[Items from a data source]
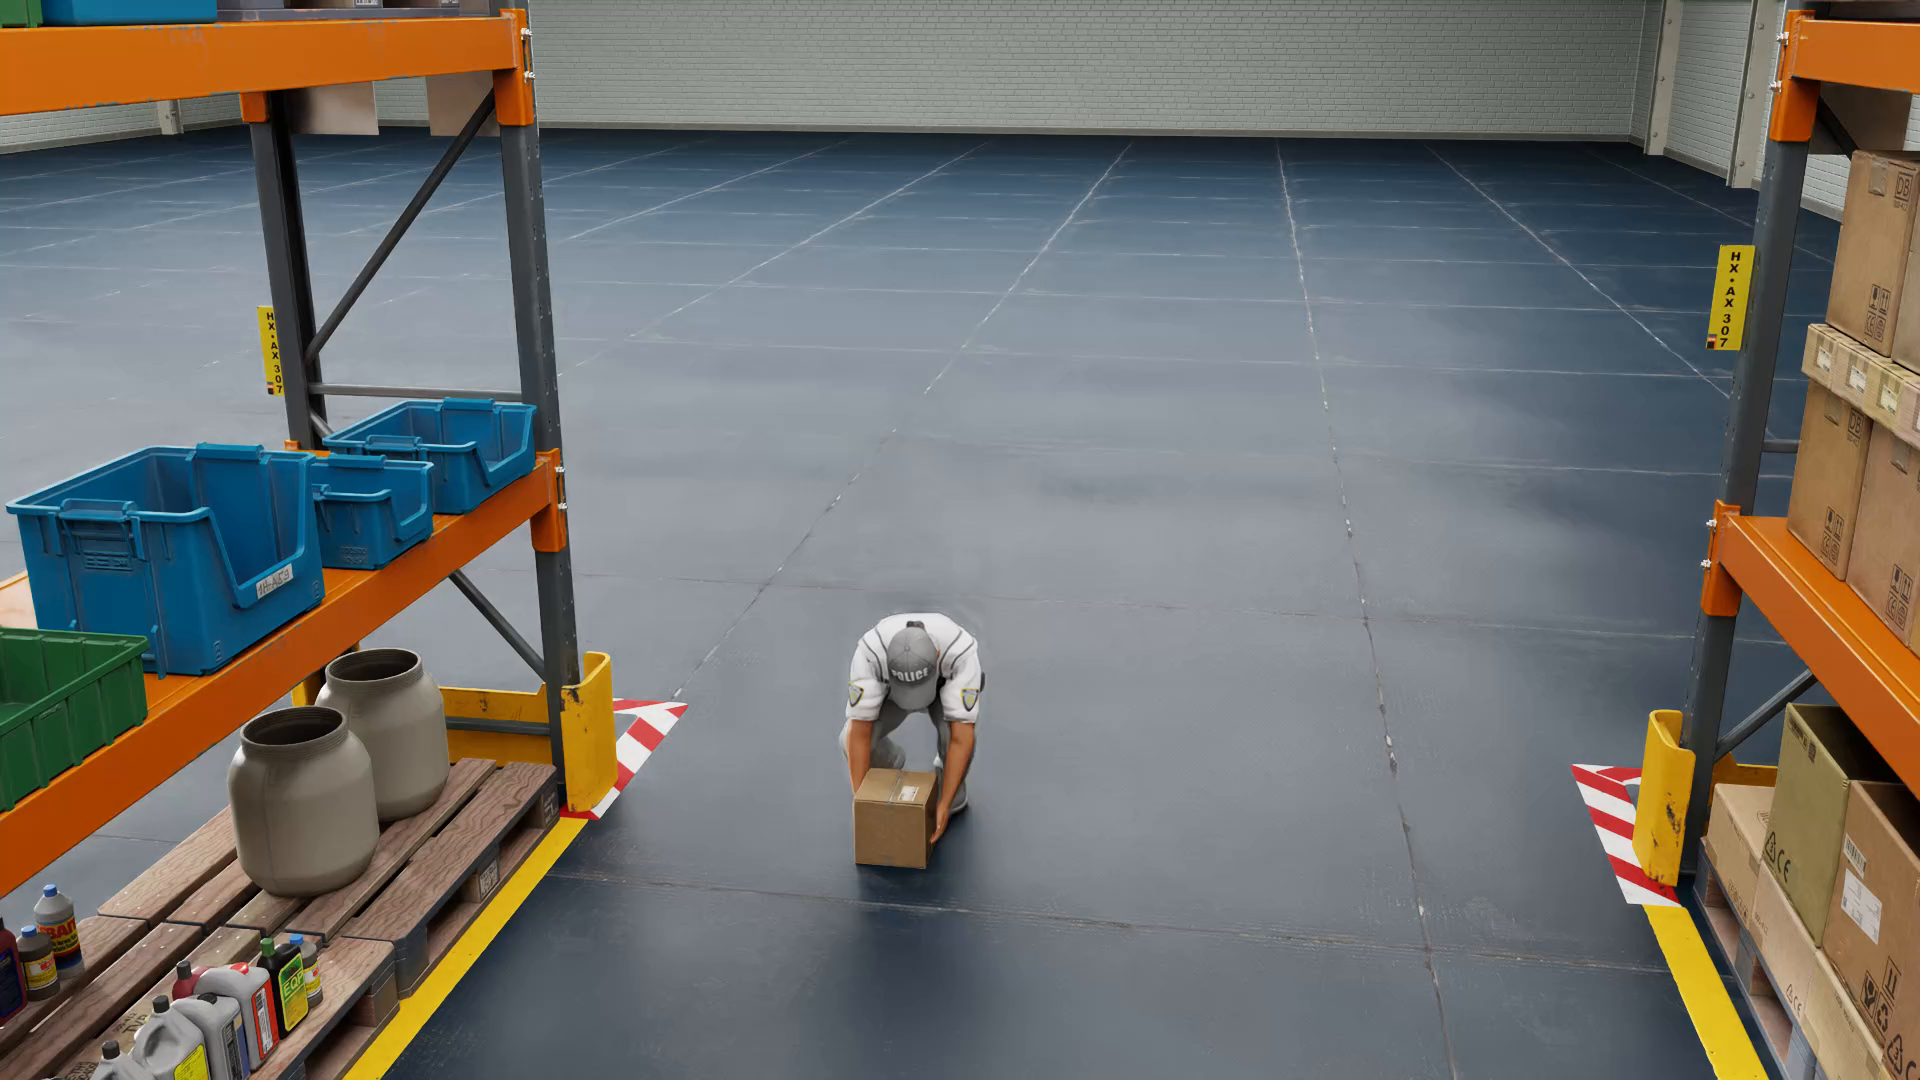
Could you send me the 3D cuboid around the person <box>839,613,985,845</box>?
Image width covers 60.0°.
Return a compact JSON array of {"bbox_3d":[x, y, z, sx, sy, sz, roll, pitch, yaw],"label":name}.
[{"bbox_3d":[-0.165,0.597,6.072,0.520,0.837,0.865,3,18,9],"label":"person"}]
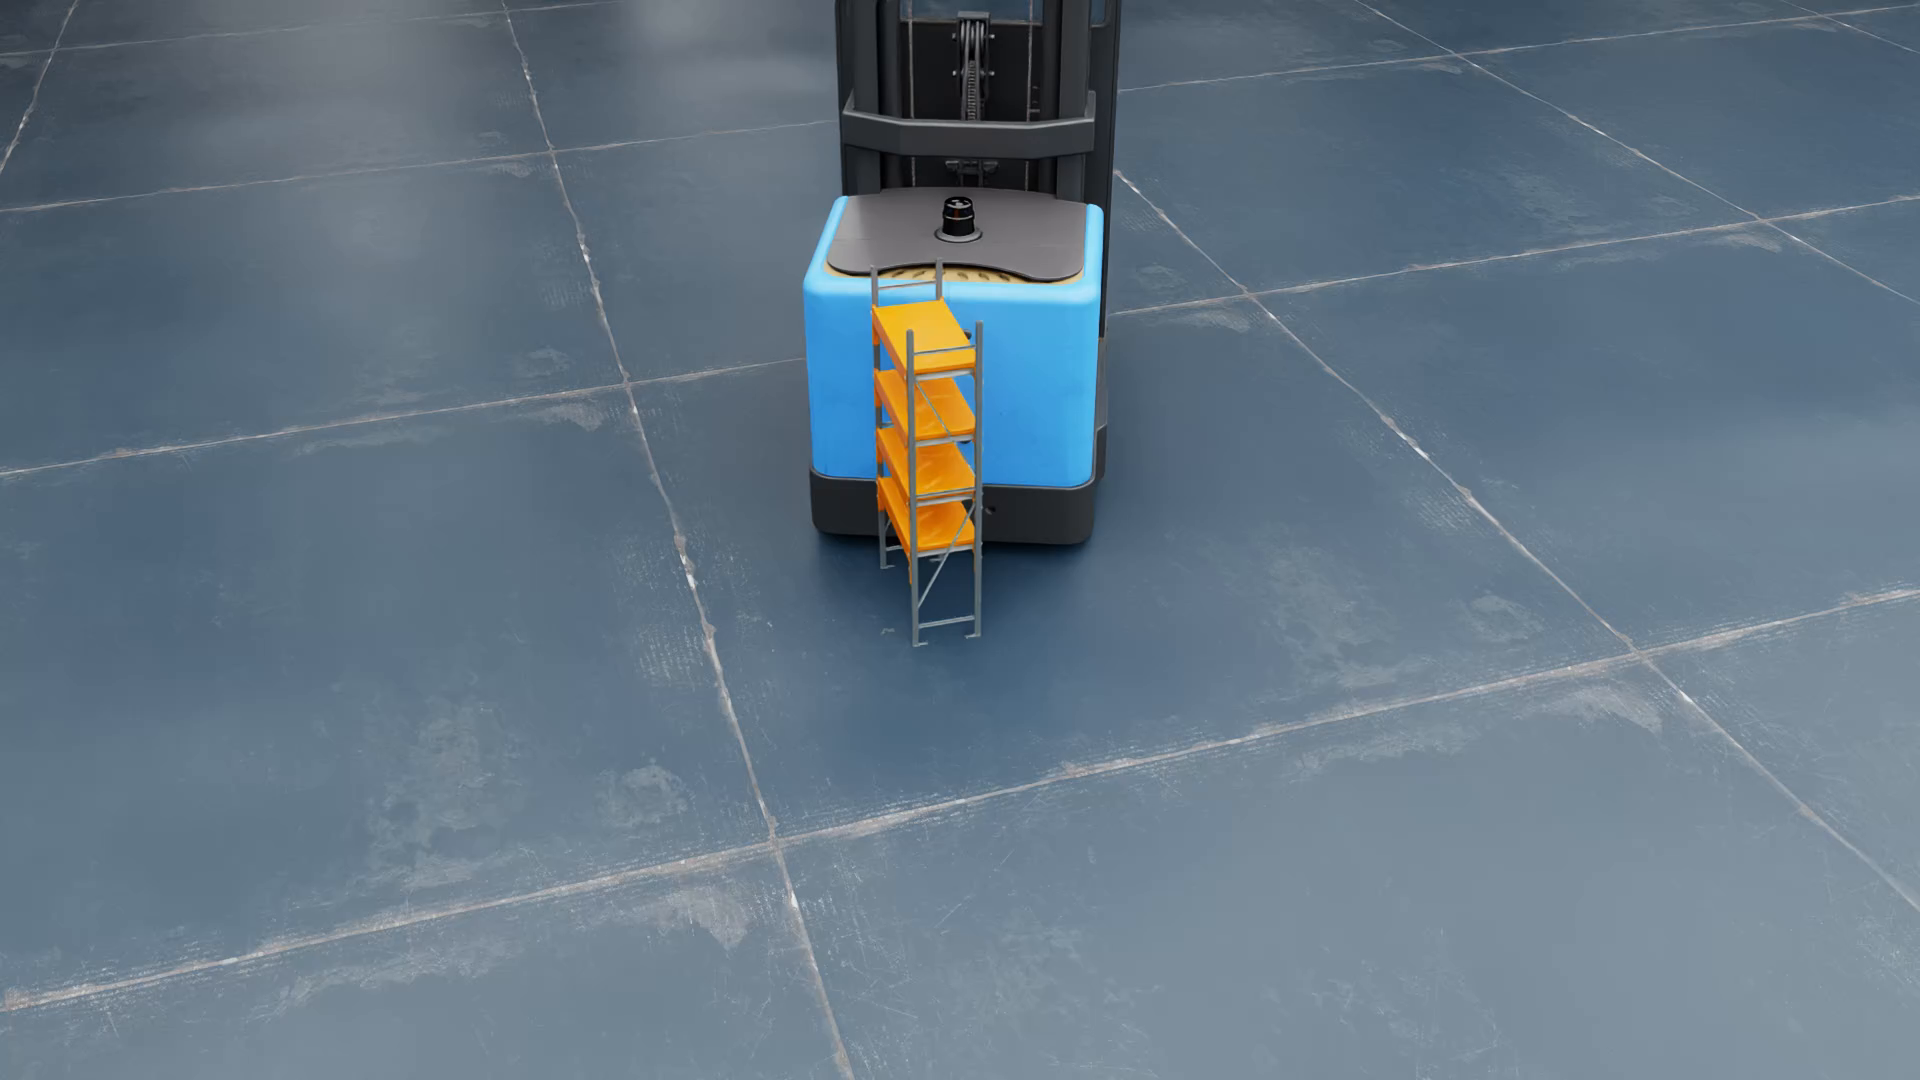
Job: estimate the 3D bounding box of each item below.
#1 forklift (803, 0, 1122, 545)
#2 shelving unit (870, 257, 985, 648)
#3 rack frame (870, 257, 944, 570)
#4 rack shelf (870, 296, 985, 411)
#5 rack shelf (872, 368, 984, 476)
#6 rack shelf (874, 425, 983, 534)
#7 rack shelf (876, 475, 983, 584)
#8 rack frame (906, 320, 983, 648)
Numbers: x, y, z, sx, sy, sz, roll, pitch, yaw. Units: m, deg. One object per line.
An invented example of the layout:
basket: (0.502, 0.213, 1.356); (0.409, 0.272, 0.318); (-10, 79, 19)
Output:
forklift: (0.090, -1.996, 6.612); (1.130, 2.935, 3.031); (3, 34, 4)
shelving unit: (-0.111, -0.281, 5.588); (0.258, 1.200, 0.503); (-9, 34, -13)
rack frame: (-0.176, -0.411, 5.784); (0.240, 1.200, 0.015); (-9, 34, -13)
rack shelf: (-0.111, -0.609, 5.371); (0.258, 0.148, 0.480); (-9, 34, -13)
rack shelf: (-0.111, -0.412, 5.501); (0.258, 0.148, 0.480); (-9, 34, -13)
rack shelf: (-0.111, -0.225, 5.625); (0.258, 0.148, 0.480); (-9, 34, -13)
rack shelf: (-0.111, -0.060, 5.734); (0.258, 0.148, 0.480); (-9, 34, -13)
rack frame: (-0.046, -0.152, 5.391); (0.240, 1.200, 0.015); (-9, 34, -13)

**Required work:**
Reproduce the data above without a single change, please, but without its pictures.

**Exercise response:**
Could you send me the 3D cuboid around the person <box>839,613,985,845</box>?
Image width covers 60.0°.
Return a compact JSON array of {"bbox_3d":[x, y, z, sx, sy, sz, roll, pitch, yaw],"label":name}.
[{"bbox_3d":[-0.165,0.597,6.072,0.520,0.837,0.865,3,18,9],"label":"person"}]
Job: estimate the 3D bounding box of each item below.
#1 forklift (803, 0, 1122, 545)
#2 shelving unit (870, 257, 985, 648)
#3 rack frame (870, 257, 944, 570)
#4 rack shelf (870, 296, 985, 411)
#5 rack shelf (872, 368, 984, 476)
#6 rack shelf (874, 425, 983, 534)
#7 rack shelf (876, 475, 983, 584)
#8 rack frame (906, 320, 983, 648)
Numbers: x, y, z, sx, sy, sz, roll, pitch, yaw. Units: m, deg. One object per line.
An invented example of the layout:
basket: (0.502, 0.213, 1.356); (0.409, 0.272, 0.318); (-10, 79, 19)
Output:
forklift: (0.090, -1.996, 6.612); (1.130, 2.935, 3.031); (3, 34, 4)
shelving unit: (-0.111, -0.281, 5.588); (0.258, 1.200, 0.503); (-9, 34, -13)
rack frame: (-0.176, -0.411, 5.784); (0.240, 1.200, 0.015); (-9, 34, -13)
rack shelf: (-0.111, -0.609, 5.371); (0.258, 0.148, 0.480); (-9, 34, -13)
rack shelf: (-0.111, -0.412, 5.501); (0.258, 0.148, 0.480); (-9, 34, -13)
rack shelf: (-0.111, -0.225, 5.625); (0.258, 0.148, 0.480); (-9, 34, -13)
rack shelf: (-0.111, -0.060, 5.734); (0.258, 0.148, 0.480); (-9, 34, -13)
rack frame: (-0.046, -0.152, 5.391); (0.240, 1.200, 0.015); (-9, 34, -13)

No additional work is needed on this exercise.